Ce que confirme d’ailleurs l’I.R.M. du rachi lombaire du 23 mai 2023 « protrusion L4 L5 latéralisée à gauche pouvant expliquer une radiculalgie L5 gauche » ainsi que l’I.R.M. du 21 septembre 2023 « à l’étage L4 L5, protrusion discale postérieure médiane, paramédiane bilatérale refoulant la face antérieure du sac dural » ainsi que « à l’étage L5 S1 : protrusion discale postérieure médiane, para médiane bilatérale avec atteinte majeure pré foraminale à droite où elle semble rentrer en contact avec la racine S1 homolatérale entraînant un conflit disco radiculaire » confirmant donc bien la symptomatologie de topographie radioclinique concordante à la fois au niveau L4 L5 gauche et L5 S1 droit imputable accident de travail.
Aussi, la commission estime que : la durée des arrêts de travail du 16 mai 2023 au 20 octobre 2023 est imputable au sinistre (AT du 16 mai 2023) »

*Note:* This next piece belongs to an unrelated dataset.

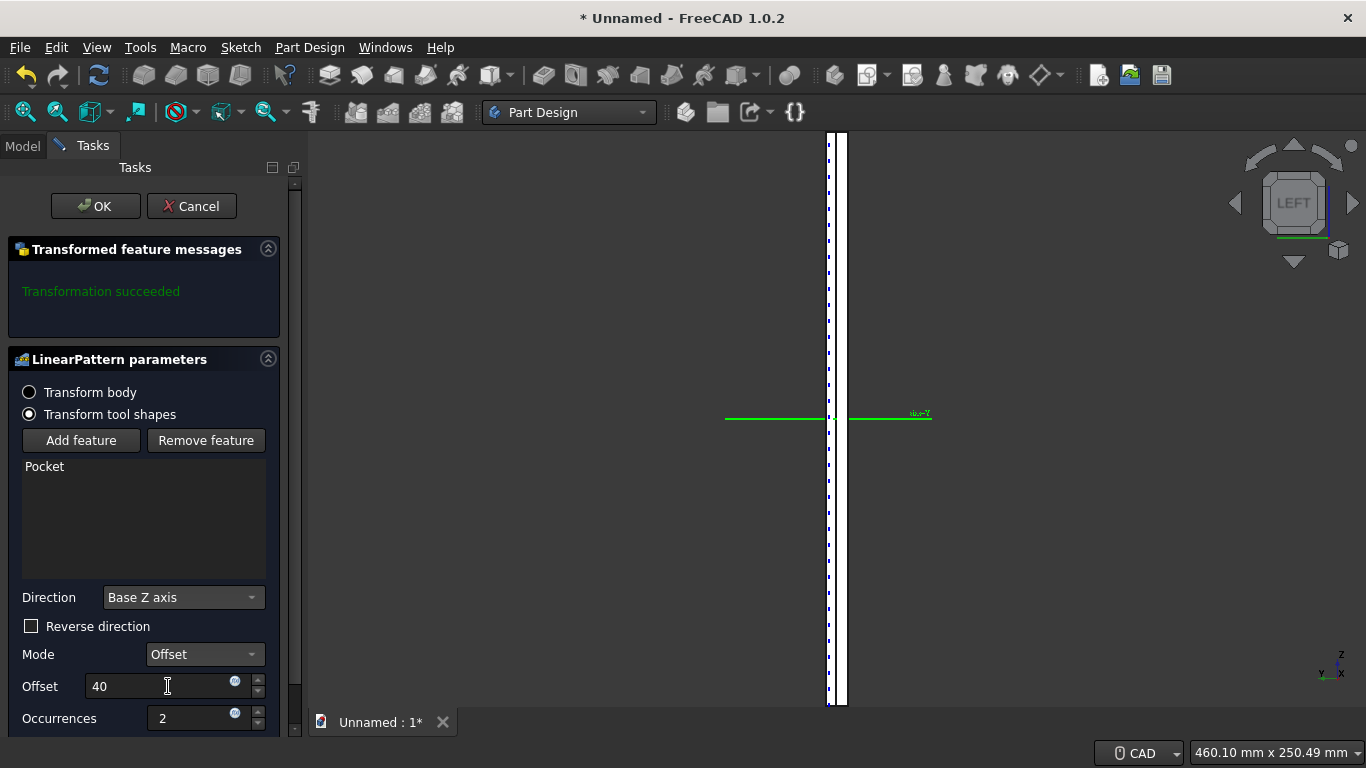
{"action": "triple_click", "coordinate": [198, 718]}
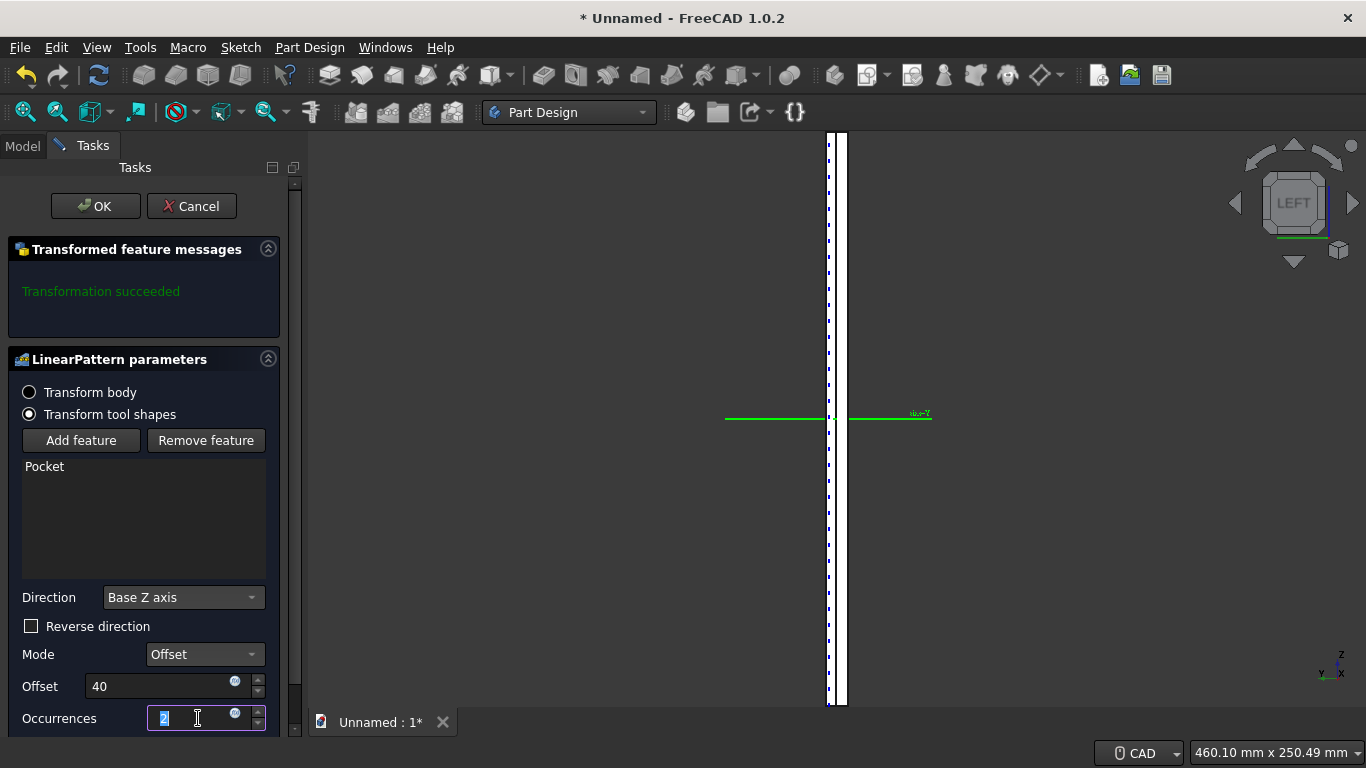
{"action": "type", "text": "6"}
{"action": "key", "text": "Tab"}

Ainsi, contrairement à ce qu’indique le médecin mandaté par la société, il a été constaté dès le 20 mai 2023, soit seulement quatre jours après l’accident du travail, une sciatique L5 hyperalgique à gauche, confirmé par l’I.R.M. réalisée trois jours après le 23 mai 2023.
Si selon le médecin mandaté par la société, le Docteur [F], neurochirurgien, a indiqué dans le compte rendu de la consultation du 2 octobre 2023 que le patient a des antécédents chirurgicaux multiples et qu’il est fait état de « lombaire ancienne et fluctuante avec épisodes de sciatique par le passé en général résolutif rapidement sous traitement par anti inflammatoires » il n’est pas possible de conclure de ces seuls épisodes un état antérieur évoluant pour son propre compte, analyse qui n’a pas été retenue par la [8] composée de plusieurs médecin dont un expert étant souligné qu’il n’est nullement précisé que ces épisodes concernent le côté gauche.

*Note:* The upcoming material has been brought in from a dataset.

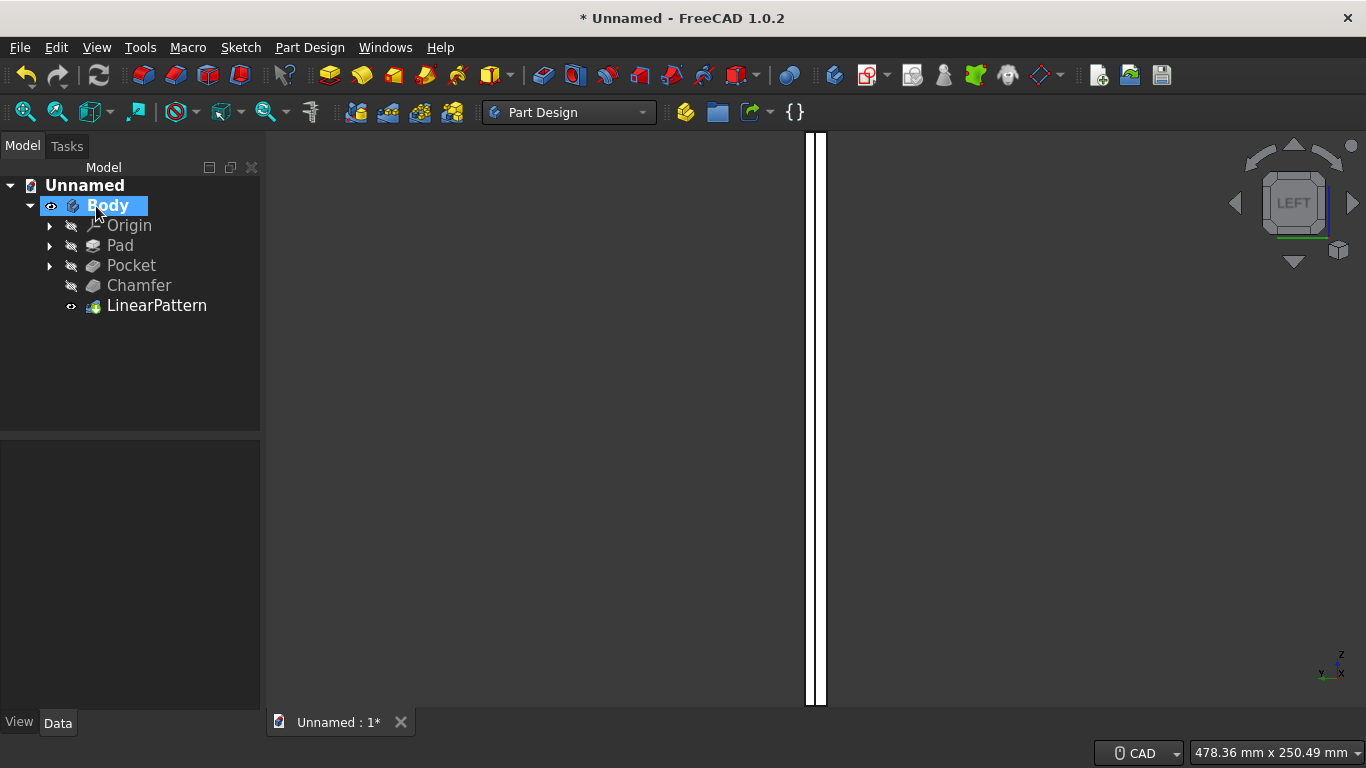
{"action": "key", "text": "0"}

Il convient de relever à ce titre que le médecin mandaté par la société fait état d’une inopposabilité à compter du 6 août 2023 soit le lendemain de l’infiltration réalisée à gauche selon lui alors que dès le 20 mai 2023, le tableau concerne tant le côté droit que gauche et que les certificats de prolongation ont tous bien indiqué que les arrêts sont en rapport avec l’accident du travail du 16 mai 2023, les épisodes antérieurs dont il est fait état n’étant une fois de plus nullement latéralisés à droite ou à gauche
Il n’est ainsi pas établi que les prescriptions d’arrêts de travail à compter du 6 août 2023 sont dus à une cause totalement étrangère au travail soit sont la conséquence d’un état pathologique préexistant évoluant pour son propre compte sans lien avec l’accident du travail.
Le tribunal disposant de suffisamment d’éléments pour statuer, il n’y a pas lieu à ordonner, à titre subsidiaire, une mesure d’expertise à ce titre.
Enfin, la seule existence d’épisodes antérieurs de sciatique ne justifie également pas l’organisation d’une mesure d’expertise aucun élément médicaux ne faisant état du fait que les épisodes antérieurs sus-cités non latéralisés constituent un état antérieur évoluant pour son propre compte du côté gauche comme allégué.
Sur les demandes accessoires
Partie perdante à cette instance, la société est tenue aux dépens en application de l’article 696 du code de procédure civile.
PAR CES MOTIFS :
Le tribunal, statuant après débats en audience publique, par jugement contradictoire, en premier ressort et par mise à disposition au greffe de la juridiction,
DECLARE opposables à la société [10] [Localité 13] [3] les soins et arrêts prescrits à Monsieur [S] [T] au titre de son accident du travail du 16 mai 2023 ;
DEBOUTE la société [10] [Localité 12] [11] [3] de ses demandes ;
CONDAMNE la société [10] [Localité 13] [3] aux dépens.
Ainsi jugé et prononcé, les jour, mois et an que susdits.